Data entries:
━━━━━━

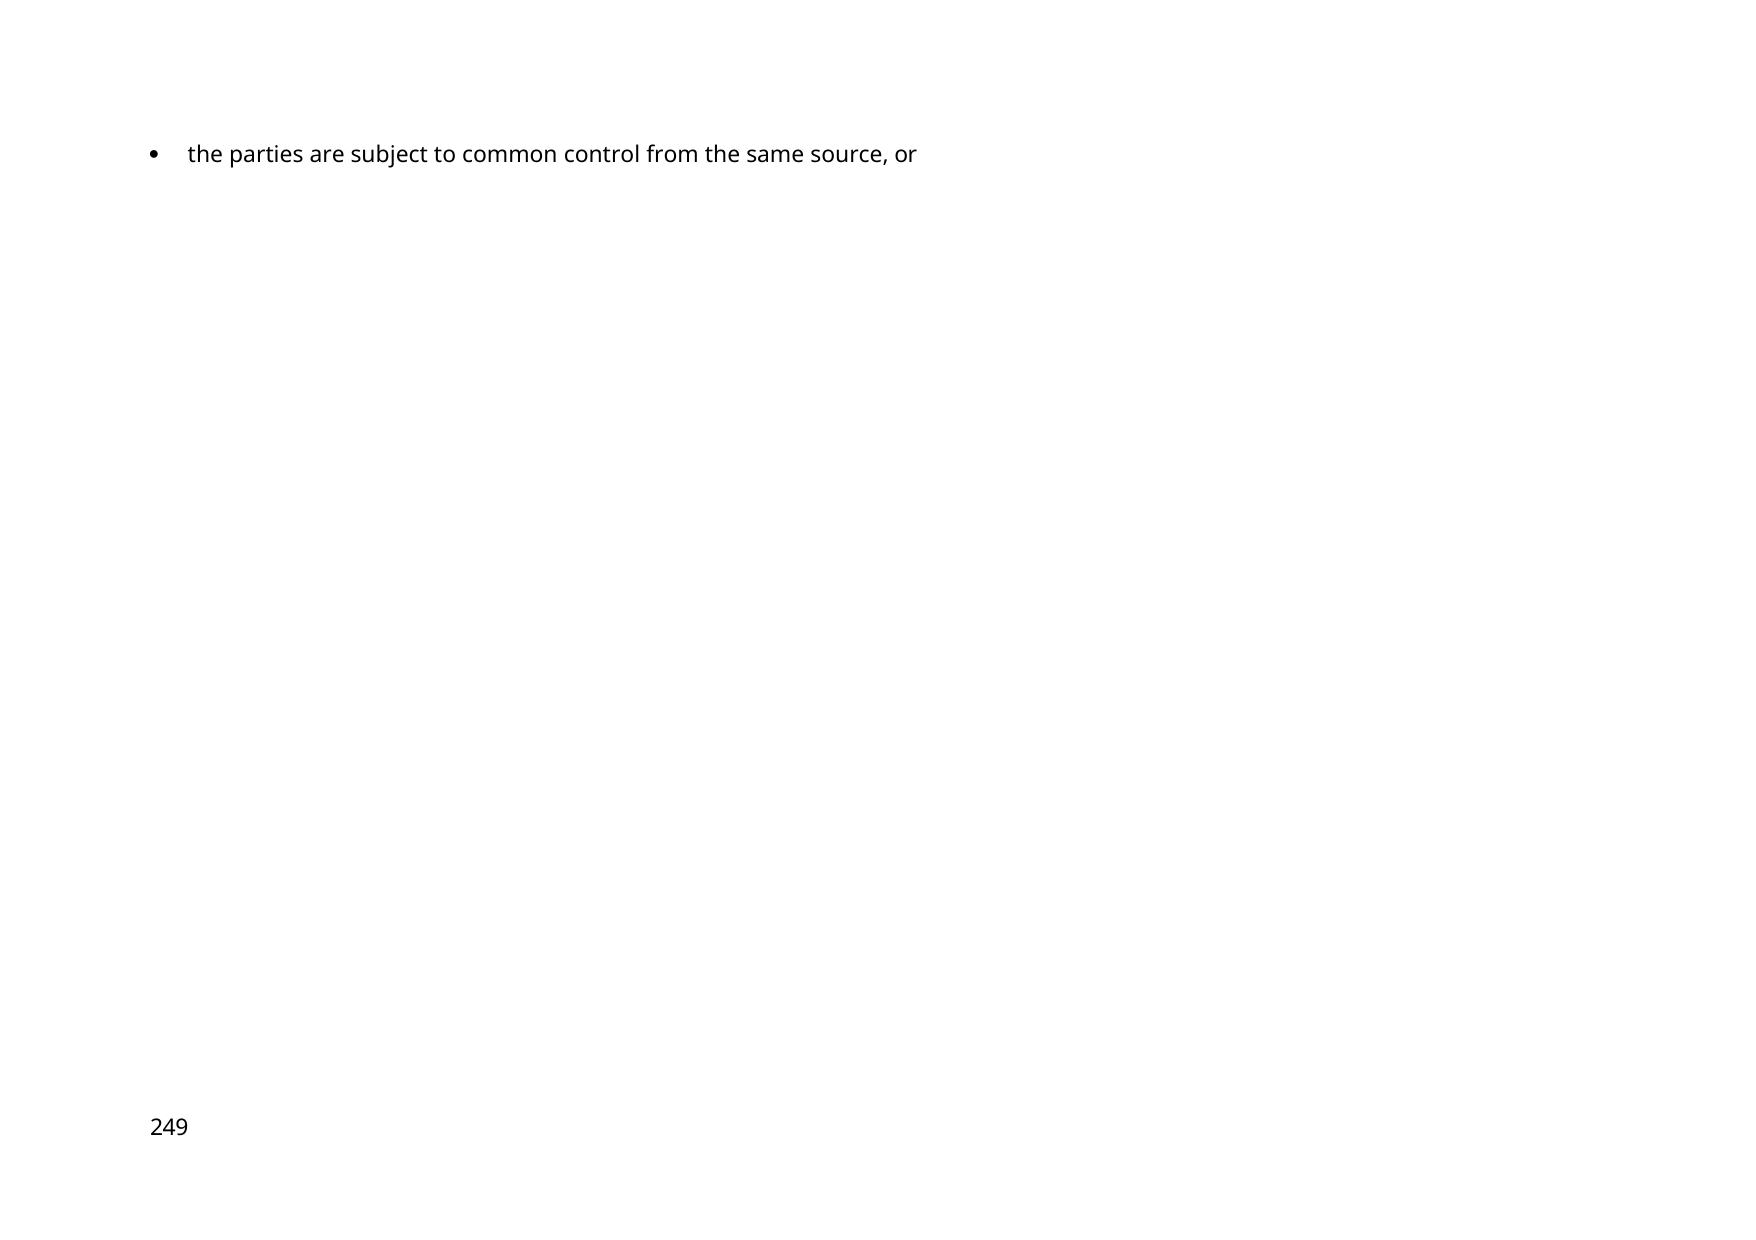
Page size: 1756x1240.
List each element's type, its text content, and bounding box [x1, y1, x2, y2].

list the parties are subject to common control from the same source, or [150, 137, 1722, 169]
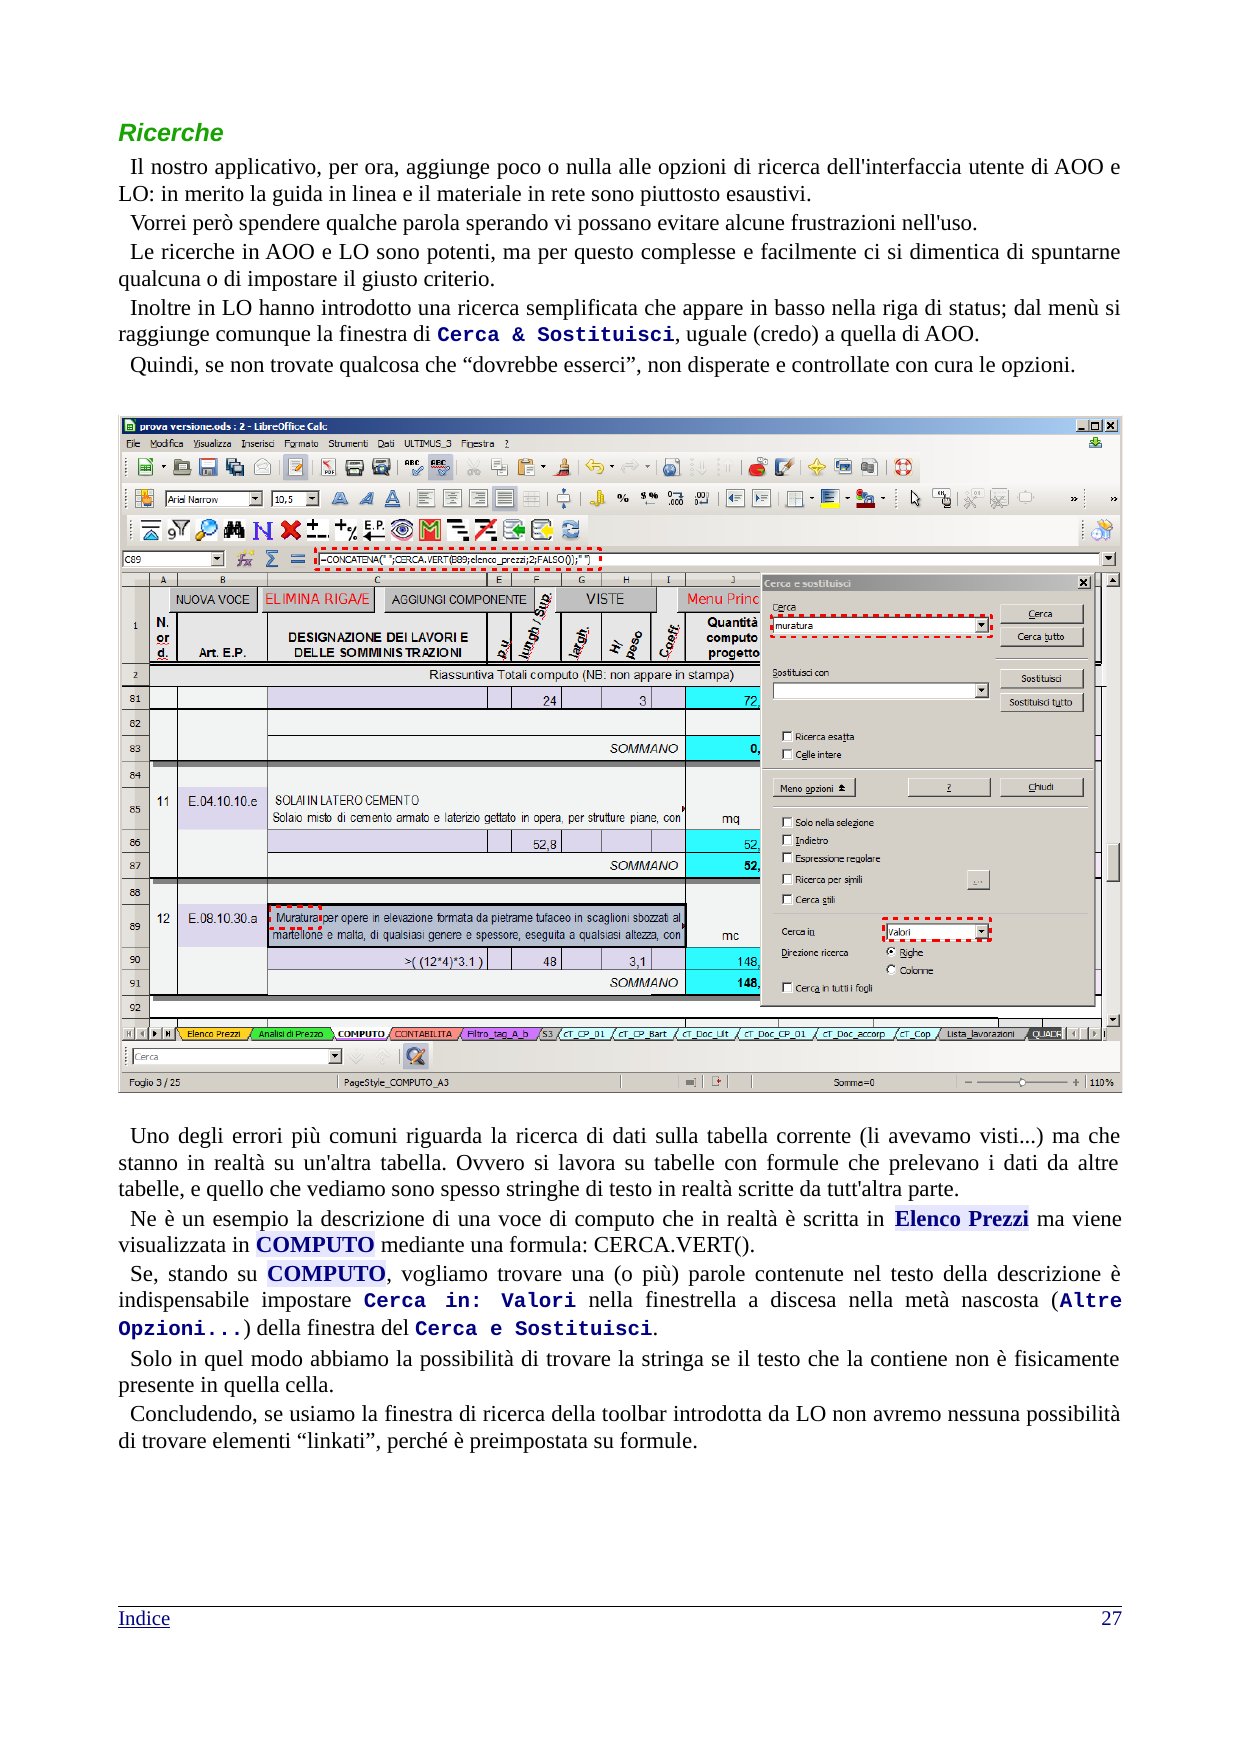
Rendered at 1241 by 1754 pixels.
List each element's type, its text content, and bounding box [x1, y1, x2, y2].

text Solo in quel modo abbiamo la possibilità di trovare la stringa se il testo che la contiene non è fisicamente presente in quella cella. [118, 1345, 1122, 1397]
text Inoltre in LO hanno introdotto una ricerca semplificata che appare in basso nella riga di status; dal menù si raggiunge comunque la finestra di Cerca & Sostituisci, uguale (credo) a quella di AOO. [118, 294, 1122, 348]
text Se, stando su COMPUTO, vogliamo trovare una (o più) parole contenute nel testo della descrizione è indispensabile impostare Cerca in: Valori nella finestrella a discesa nella metà nascosta (Altre Opzioni...) della finestra del Cerca e Sostituisci. [118, 1260, 1122, 1342]
text Le ricerche in AOO e LO sono potenti, ma per questo complesse e facilmente ci si dimentica di spuntarne qualcuna o di impostare il giusto criterio. [118, 238, 1122, 291]
text Concludendo, se usiamo la finestra di ricerca della toolbar introdotta da LO non avremo nessuna possibilità di trovare elementi “linkati”, perché è preimpostata su formule. [118, 1400, 1122, 1453]
text Quindi, se non trovate qualcosa che “dovrebbe esserci”, non disperate e controllate con cura le opzioni. [118, 351, 1122, 377]
table_header [118, 409, 1122, 415]
subtitle Ricerche [118, 118, 1122, 147]
text Vorrei però spendere qualche parola sperando vi possano evitare alcune frustrazioni nell'uso. [118, 209, 1122, 235]
text Il nostro applicativo, per ora, aggiunge poco o nulla alle opzioni di ricerca dell'interfaccia utente di AOO e LO: in merito la guida in linea e il materiale in rete sono piuttosto esaustivi. [118, 153, 1122, 206]
text Uno degli errori più comuni riguarda la ricerca di dati sulla tabella corrente (li avevamo visti...) ma che stanno in realtà su un'altra tabella. Ovvero si lavora su tabelle con formule che prelevano i dati da altre tabelle, e quello che vediamo sono spesso stringhe di testo in realtà scritte da tutt'altra parte. [118, 1123, 1122, 1202]
table_header [118, 1093, 1122, 1123]
text Ne è un esempio la descrizione di una voce di computo che in realtà è scritta in Elenco Prezzi ma viene visualizzata in COMPUTO mediante una formula: CERCA.VERT(). [118, 1204, 1122, 1257]
picture [118, 415, 1123, 1093]
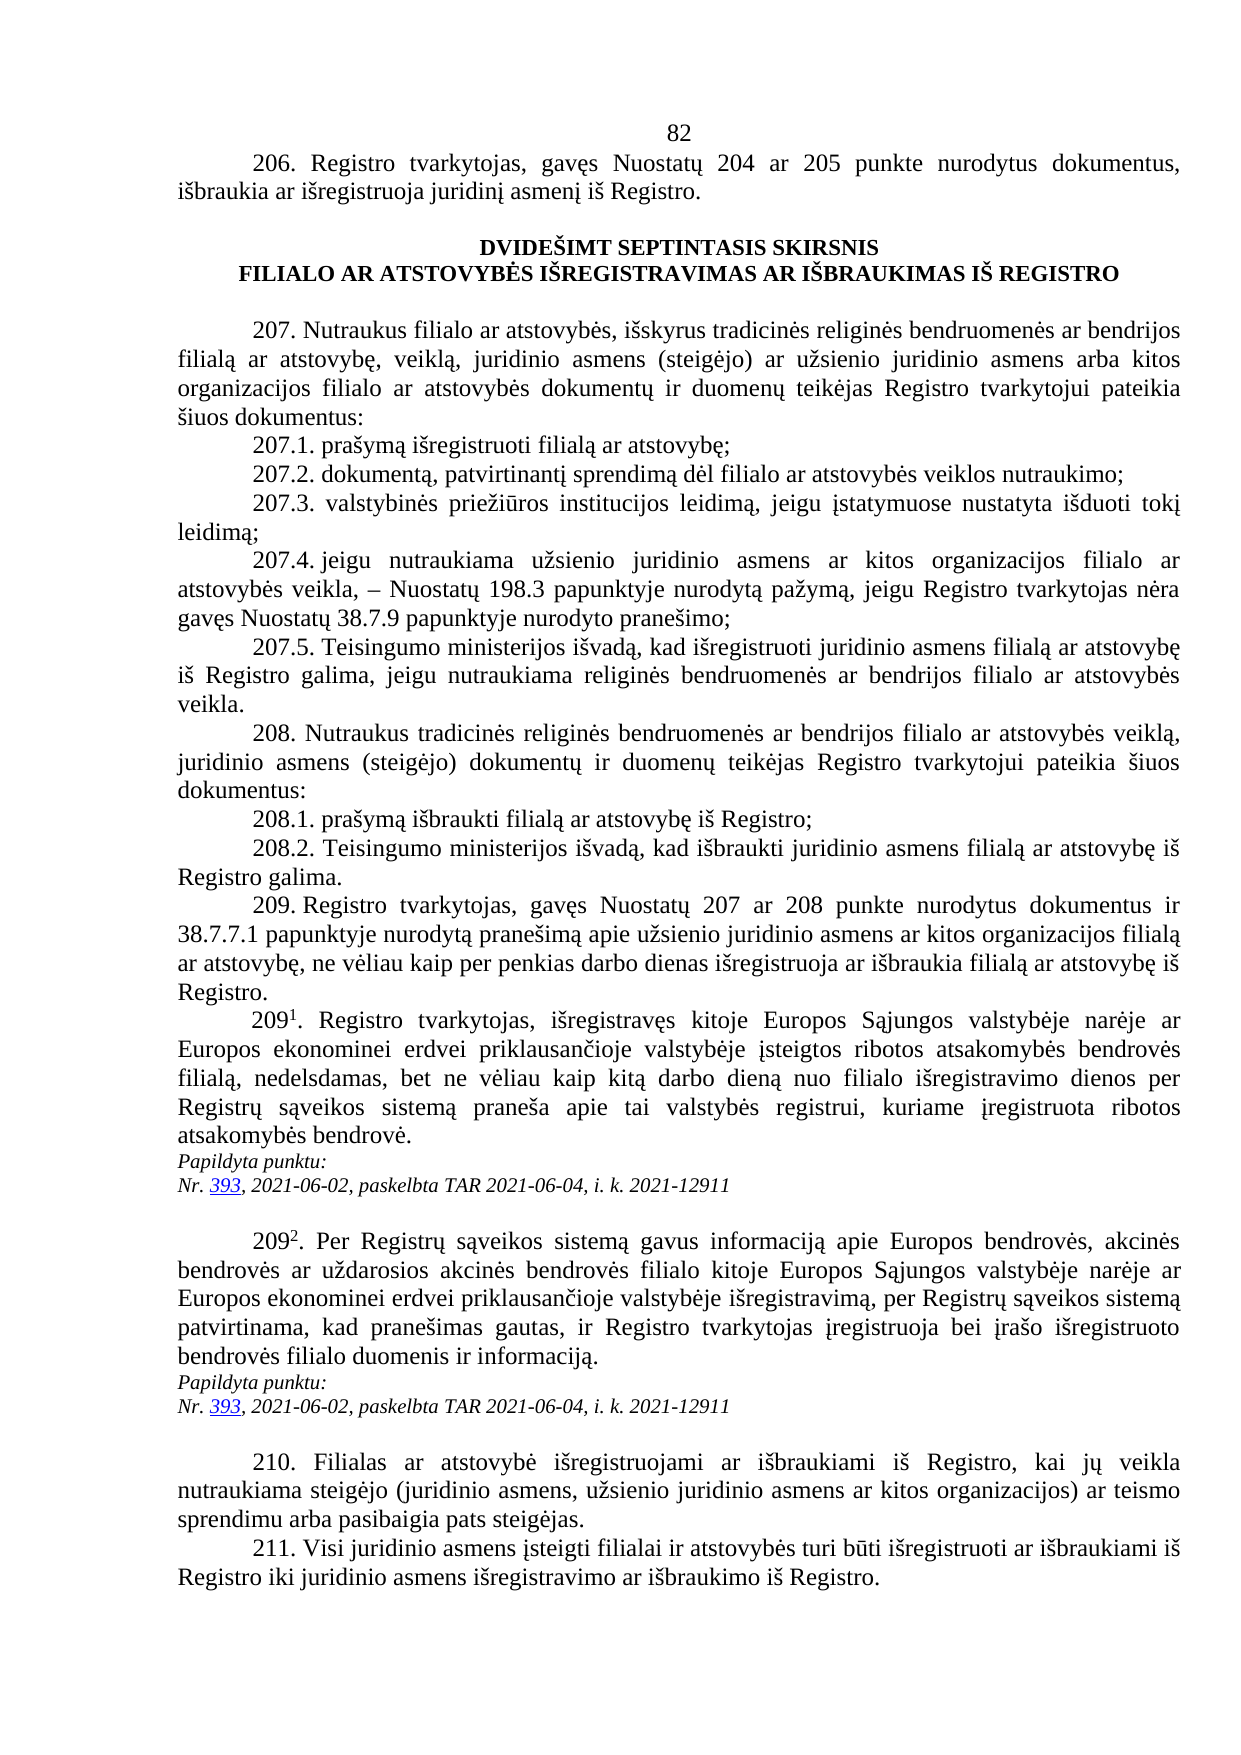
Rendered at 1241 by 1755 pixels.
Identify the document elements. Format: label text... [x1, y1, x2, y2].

━━━━━━

> Task item: Reproduce each record above by retyping it exactly; omit all images.

> Task solution:
Page size: 1756x1240.
List each element's type, its text content, and bounding box [x1, y1, x2, y2].

list the parties are subject to common control from the same source, or [150, 137, 1722, 169]
Rendered at 1241 by 1754 pixels.
List each element's type, its text content, and bounding box [x1, y1, x2, y2].

text Solo in quel modo abbiamo la possibilità di trovare la stringa se il testo che la contiene non è fisicamente presente in quella cella. [118, 1345, 1122, 1397]
text Inoltre in LO hanno introdotto una ricerca semplificata che appare in basso nella riga di status; dal menù si raggiunge comunque la finestra di Cerca & Sostituisci, uguale (credo) a quella di AOO. [118, 294, 1122, 348]
text Se, stando su COMPUTO, vogliamo trovare una (o più) parole contenute nel testo della descrizione è indispensabile impostare Cerca in: Valori nella finestrella a discesa nella metà nascosta (Altre Opzioni...) della finestra del Cerca e Sostituisci. [118, 1260, 1122, 1342]
text Le ricerche in AOO e LO sono potenti, ma per questo complesse e facilmente ci si dimentica di spuntarne qualcuna o di impostare il giusto criterio. [118, 238, 1122, 291]
text Concludendo, se usiamo la finestra di ricerca della toolbar introdotta da LO non avremo nessuna possibilità di trovare elementi “linkati”, perché è preimpostata su formule. [118, 1400, 1122, 1453]
text Quindi, se non trovate qualcosa che “dovrebbe esserci”, non disperate e controllate con cura le opzioni. [118, 351, 1122, 377]
table_header [118, 409, 1122, 415]
subtitle Ricerche [118, 118, 1122, 147]
text Vorrei però spendere qualche parola sperando vi possano evitare alcune frustrazioni nell'uso. [118, 209, 1122, 235]
text Il nostro applicativo, per ora, aggiunge poco o nulla alle opzioni di ricerca dell'interfaccia utente di AOO e LO: in merito la guida in linea e il materiale in rete sono piuttosto esaustivi. [118, 153, 1122, 206]
text Uno degli errori più comuni riguarda la ricerca di dati sulla tabella corrente (li avevamo visti...) ma che stanno in realtà su un'altra tabella. Ovvero si lavora su tabelle con formule che prelevano i dati da altre tabelle, e quello che vediamo sono spesso stringhe di testo in realtà scritte da tutt'altra parte. [118, 1123, 1122, 1202]
table_header [118, 1093, 1122, 1123]
text Ne è un esempio la descrizione di una voce di computo che in realtà è scritta in Elenco Prezzi ma viene visualizzata in COMPUTO mediante una formula: CERCA.VERT(). [118, 1204, 1122, 1257]
picture [118, 415, 1123, 1093]
Rendered at 1241 by 1755 pixels.
Identify the document elements. Format: label text... [x1, y1, x2, y2].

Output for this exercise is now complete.